His eyes grew sad, "but?"

"If you prioritize the prank war over me again, I don't know how I could stay with you."

He aggressively ran his hands over his flushed face, almost as if he was trying not to hit himself. He tugged on his hair in a way that looked painful. "I haven't," he choked. "I haven't been prioritizing the prank war."

"Really?" I quirked an eyebrow, "because you've left me tied up in a basement, shot me with a paintball gun, and lied to me for nearly half my life about how you forced Charlie out of our lives. Explain to me how that makes me your number one priority."

He cupped my face, as he always did when I was mad at him. Usually I was putty to his touch, but today I needed to hold my ground. "Babe," he whispered horsely. "You know you're the most important thing to me."

I swatted his hands away, "do I?"

If he couldn't cup my face he would grip my waist, trying to maintain contact however he could. "I tell you all the time-"

"It's time for you to prove it."

He took a deep breath, and started nodding continuously. When he went to cup my face again this time I let him. "Okay," he pressed his forehead to mine, "can I kiss you?"

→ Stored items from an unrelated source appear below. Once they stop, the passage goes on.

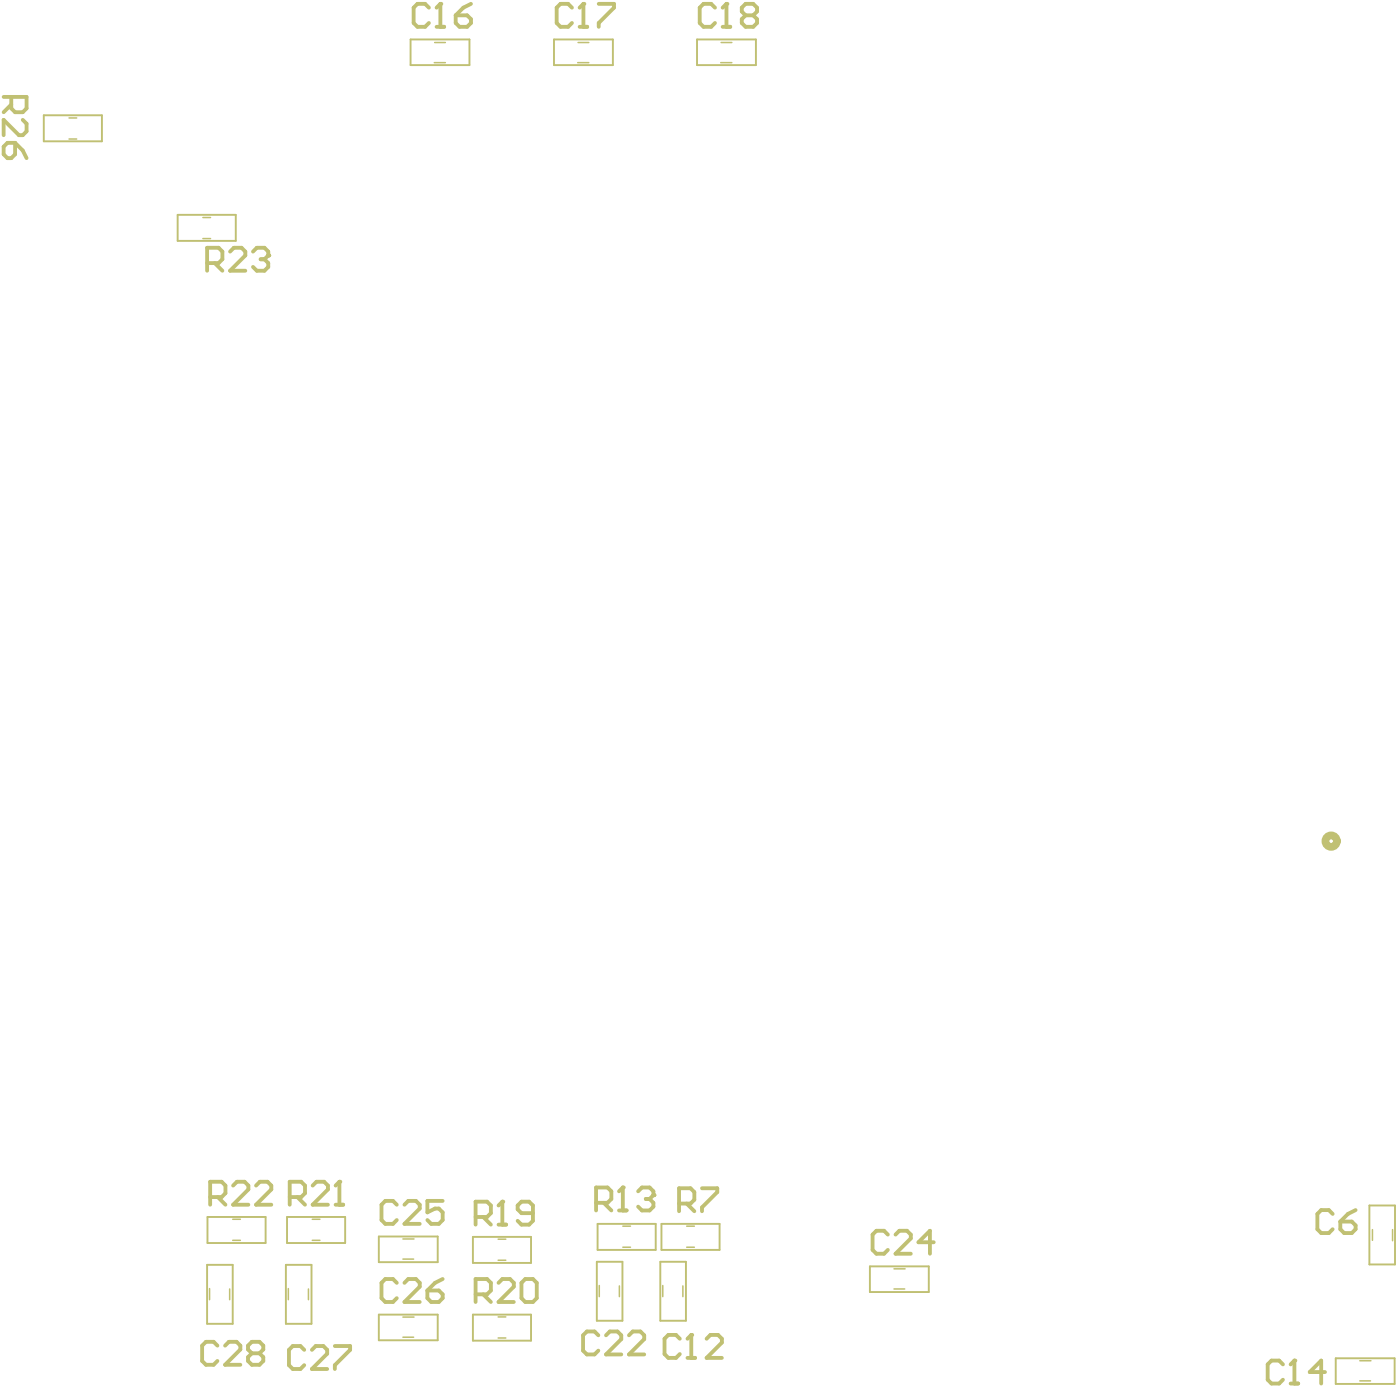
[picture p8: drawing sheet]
<svg xmlns="http://www.w3.org/2000/svg" width="309mm" height="307mm" viewBox="0 0 309 307" stroke-linecap="round" stroke-linejoin="round" font-family="sans-serif">
<g fill="none" stroke="#c0c073" stroke-width=".42">
<path d="M90.6 8.7h13v5.7h-13zM122.3 8.7h13v5.7h-13zM153.9 8.7h13v5.7h-13zM9.7 25.4h12.8v5.8h-12.8zM39.2 47.4h12.8v5.7h-12.8zM45.7 279.1h5.7v13h-5.7zM45.8 268.5h12.8v5.8h-12.8zM63.1 279.1h5.7v13h-5.7zM63.4 268.5h12.8v5.8h-12.8zM83.6 272.8h13v5.7h-13zM104.4 272.9h12.8v5.8h-12.8zM131.7 278.4h5.7v13h-5.7z"/>
<path d="M131.9 270h12.8v5.8h-12.8zM145.8 278.4h5.6v13h-5.6zM146 270h12.8v5.8h-12.8zM192 279.4h13v5.7h-13zM302.3 266h5.6v13h-5.6zM83.6 290.1h13v5.6h-13zM104.4 290.1h12.8v5.7h-12.8zM294.8 299.7h13v5.7h-13z"/>
</g>
<g fill="none" stroke="#c0c073" stroke-width=".34">
<path d="M95.9 13.8h2.4M95.9 9.4h2.4M127.5 13.8h2.5M127.6 9.4h2.4M159.1 13.8h2.4M159.2 9.4h2.3M15.2 26h1.7M15.2 30.7h1.7M44.8 48h1.7M44.8 52.6h1.7M51.4 269h1.7M51.4 273.7h1.7"/>
<path d="M68.9 269h1.7M68.9 273.7h1.7M88.9 273.4h2.5M88.9 277.8h2.4M110 273.4h1.6M110 278.1h1.6M137.5 270.5h1.7M137.5 275.2h1.7M151.6 270.5h1.7M151.6 275.2h1.7M197.3 280h2.5M303 271.3v2.4"/>
<path d="M307.4 271.3v2.5M46.3 284.3v2.5M50.7 284.4v2.4M63.6 284.3v2.5M68.1 284.4v2.4M88.9 290.6h2.5M88.9 295.1h2.4M110 290.6h1.6M110 295.2h1.6M132.3 283.6v2.5M136.7 283.7v2.4M146.3 283.6v2.5"/>
<path d="M150.7 283.7v2.4M197.3 284.4h2.4M300.2 300.2h2.4M300.2 304.7h2.3"/>
</g>
<path d="M283.2 301.1l-.8-.9h-1.7l-.9 .9v3.3l.9 .9h1.7l.8-.9M284.9 305.3h1.7M285.7 300.2v5.1" fill="none" stroke="#c0c073" stroke-width=".85"/>
<circle cx="285.7" cy="300.2" r=".42" fill="#c0c073"/>
<g fill="none" stroke="#c0c073" stroke-width=".85">
<path d="M.8 21.4h5.1v2.5l-.9 .9h-1.7l-.8-.9v-2.5M.8 32.4l.8-.9h1.7v2.6l-.8 .8h-.9l-.8-.8zM2.5 23.1l-1.7 1.7M3.3 31.5l1.7 1.7 .9 1.7M5 26.5l.9 .8v1.7l-.9 .8h-.8l-3.4-3.3v3.3M45.7 58h2.5l.9-.8v-1.7l-.9-.8h-2.5v5M47.4 58l1.7 1.7M50.8 55.5l.8-.8h1.7l.9 .8v.9l-3.4 3.3h3.4M55.8 55.5l.9-.8h1.7l.8 .8v.9M294.2 267.8l-.9-.8h-1.7l-.8 .8v3.4l.8 .9h1.7l.9-.9M295.9 269.5h2.5l.8 .9v.8l-.8 .9h-1.7l-.8-.9zM299.2 267l-1.7 .8-1.6 1.7"/>
<path d="M285.7 300.2l-.8 .9M292.5 302.7h-3.4l2.5-2.5v5.1"/>
</g>
<circle cx="59.2" cy="56.4" r=".42" fill="#c0c073"/>
<path d="M57.5 57.2h.9M58.4 57.2l.8 .8v.9l-.8 .8h-1.7l-.9-.8M59.2 56.4l-.8 .8M46.4 264.1h2.5l.9-.8v-1.7l-.9-.9h-2.5v5.1M48.1 264.1l1.7 1.7M51.5 261.6l.8-.9h1.7l.8 .9v.8l-3.3 3.4h3.3M56.5 261.6l.9-.9h1.6l.9 .9v.8l-3.4 3.4h3.4M63.9 264.1h2.6l.8-.8v-1.7l-.8-.9h-2.6v5.1M65.6 264.1l1.7 1.7M69 261.6l.9-.9h1.6l.9 .9v.8l-3.4 3.4h3.4M74.1 265.8h1.7M74.9 260.7v5.1" fill="none" stroke="#c0c073" stroke-width=".85"/>
<circle cx="74.9" cy="260.7" r=".42" fill="#c0c073"/>
<path d="M74.9 260.7l-.8 .9M105 268.5h2.5l.9-.8v-1.7l-.9-.9h-2.5v5.1M106.7 268.5l1.7 1.7M110 270.2h1.7M110.9 265.1v5.1M105 285.6h2.5l.9-.9v-1.6l-.9-.9h-2.5v5.1M106.7 285.6l1.7 1.7M110 283.1l.9-.9h1.7l.8 .9v.8l-3.4 3.4h3.4M116 282.2h1.6l.9 .9v3.3l-.9 .9h-1.6l-.9-.9v-3.3z" fill="none" stroke="#c0c073" stroke-width=".85"/>
<circle cx="110.9" cy="265.1" r=".42" fill="#c0c073"/>
<path d="M110.9 265.1l-.9 .9M117.6 267.7h-2.5l-.8-.9v-.8l.8-.9h1.7l.8 .9v3.4l-.8 .8h-1.7l-.8-.8M131.6 265.4h2.5l.9-.9v-1.6l-.9-.9h-2.5v5.1M133.3 265.4l1.7 1.7M136.6 267.1h1.7M137.5 262v5.1" fill="none" stroke="#c0c073" stroke-width=".85"/>
<circle cx="137.5" cy="262" r=".42" fill="#c0c073"/>
<path d="M137.5 262l-.9 .9M140.9 262.9l.8-.9h1.7l.8 .9v.8" fill="none" stroke="#c0c073" stroke-width=".85"/>
<circle cx="144.2" cy="263.7" r=".42" fill="#c0c073"/>
<g fill="none" stroke="#c0c073" stroke-width=".85">
<path d="M157.8 1.7l-.8-.8h-1.7l-.8 .8v3.4l.8 .8h1.7l.8-.8M159.5 5.9h1.7M160.4 .9v5M87.6 265.8l-.9-.8h-1.6l-.9 .8v3.4l.9 .8h1.6l.9-.8M89.3 265.8l.8-.8h1.7l.9 .8v.9l-3.4 3.3h3.4M97.7 265h-3.4v2.5l1.7-.8h.9l.8 .8v1.7l-.8 .8h-1.7l-.9-.8M142.5 264.5h.9M143.4 264.5l.8 .9v.8l-.8 .9h-1.7l-.8-.9M144.2 263.7l-.8 .8M149.9 265.6h2.5l.9-.9v-1.7l-.9-.8h-2.5v5.1M151.6 265.6l1.7 1.7M155 262.2h3.3v.8l-3.3 3.4v.9"/>
<path d="M196 272.4l-.9-.8h-1.6l-.9 .8v3.4l.9 .8h1.6l.9-.8M197.7 272.4l.8-.8h1.7l.8 .8v.9l-3.3 3.3h3.3M206.1 274.1h-3.4l2.6-2.5v5M48 296.9l-.8-.8h-1.7l-.9 .8v3.4l.9 .8h1.7l.8-.8M49.7 296.9l.8-.8h1.7l.9 .8v.9l-3.4 3.3h3.4M55.6 298.6l-.9-.8v-.9l.9-.8h1.7l.8 .8v.9l-.8 .8M55.6 298.6l-.9 .8v.9l.9 .8h1.7l.8-.8v-.9l-.8-.8M55.6 298.6h1.7M67.2 297.8l-.9-.8h-1.7l-.8 .8v3.4l.8 .9h1.7l.9-.9M68.8 297.8l.9-.8h1.7l.8 .8v.9l-3.4 3.4h3.4M73.9 297h3.4v.8l-3.4 3.4v.9M87.6 283.1l-.9-.9h-1.6l-.9 .9v3.3l.9 .9h1.6l.9-.9"/>
<path d="M89.3 283.1l.8-.9h1.7l.9 .9v.8l-3.4 3.4h3.4M94.3 284.7h2.6l.8 .9v.8l-.8 .9h-1.7l-.9-.9zM97.7 282.2l-1.7 .9-1.7 1.6M132.1 294.6l-.9-.8h-1.7l-.8 .8v3.4l.8 .9h1.7l.9-.9M133.8 294.6l.8-.8h1.7l.8 .8v.9l-3.3 3.4h3.3M138.8 294.6l.9-.8h1.7l.8 .8v.9l-3.4 3.4h3.4"/>
</g>
<circle cx="160.4" cy=".9" r=".42" fill="#c0c073"/>
<path d="M126.3 1.7l-.9-.8h-1.7l-.8 .8v3.4l.8 .8h1.7l.9-.8M127.9 5.9h1.7M128.8 .9v5M160.4 .9l-.9 .8M164.6 3.4l-.9-.9v-.8l.9-.8h1.7l.8 .8v.8l-.8 .9M164.6 3.4l-.9 .8v.9l.9 .8h1.7l.8-.8v-.9l-.8-.8M164.6 3.4h1.7" fill="none" stroke="#c0c073" stroke-width=".85"/>
<circle cx="128.8" cy=".9" r=".42" fill="#c0c073"/>
<path d="M94.7 1.7l-.9-.8h-1.7l-.8 .8v3.4l.8 .8h1.7l.9-.8M96.4 5.9h1.7M97.2 .9v5M128.8 .9l-.9 .8M132.2 .9h3.3v.8l-3.3 3.4v.8" fill="none" stroke="#c0c073" stroke-width=".85"/>
<circle cx="97.2" cy=".9" r=".42" fill="#c0c073"/>
<path d="M97.2 .9l-.8 .8M100.6 3.4h2.5l.9 .8v.9l-.9 .8h-1.7l-.8-.8zM104 .9l-1.7 .8-1.7 1.7M150.1 295.4l-.9-.9h-1.7l-.8 .9v3.4l.8 .8h1.7l.9-.8M151.8 299.6h1.6M152.6 294.5v5.1" fill="none" stroke="#c0c073" stroke-width=".85"/>
<circle cx="152.6" cy="294.5" r=".42" fill="#c0c073"/>
<path d="M152.6 294.5l-.8 .9M156 295.4l.8-.9h1.7l.8 .9v.8l-3.3 3.4h3.3" fill="none" stroke="#c0c073" stroke-width=".85"/>
<circle cx="293.8" cy="185.6" r="1.27" fill="none" stroke="#c0c073" stroke-width="1.7"/>
</svg>

He'd never asked before. I didn't know whether to take that as a good sign. After all, my issues with him never stemmed from feeling violated by him. I considered declining; I didn't actually feel compelled to lock lips with him in that moment. I nodded, though. We were getting back together, and if I didn't let him kiss me it would be like we weren't.

So his lips fluttered against mine, much softer than usual, but that delicacy didn't last long before he was unbuttoning my blouse and laying me out on my own counter. It was the type of excited passion I used to live for but now felt so empty. I longed to feel my heart stutter like it used to.

I let him take me all the way. Richard was good at what he did, and he knew how to do it. We'd been with each other for so long that he knew exactly how to make my body react and precisely what would distract my mind. It was pleasure on the surface. I just couldn't help but wonder why I felt nothing from within.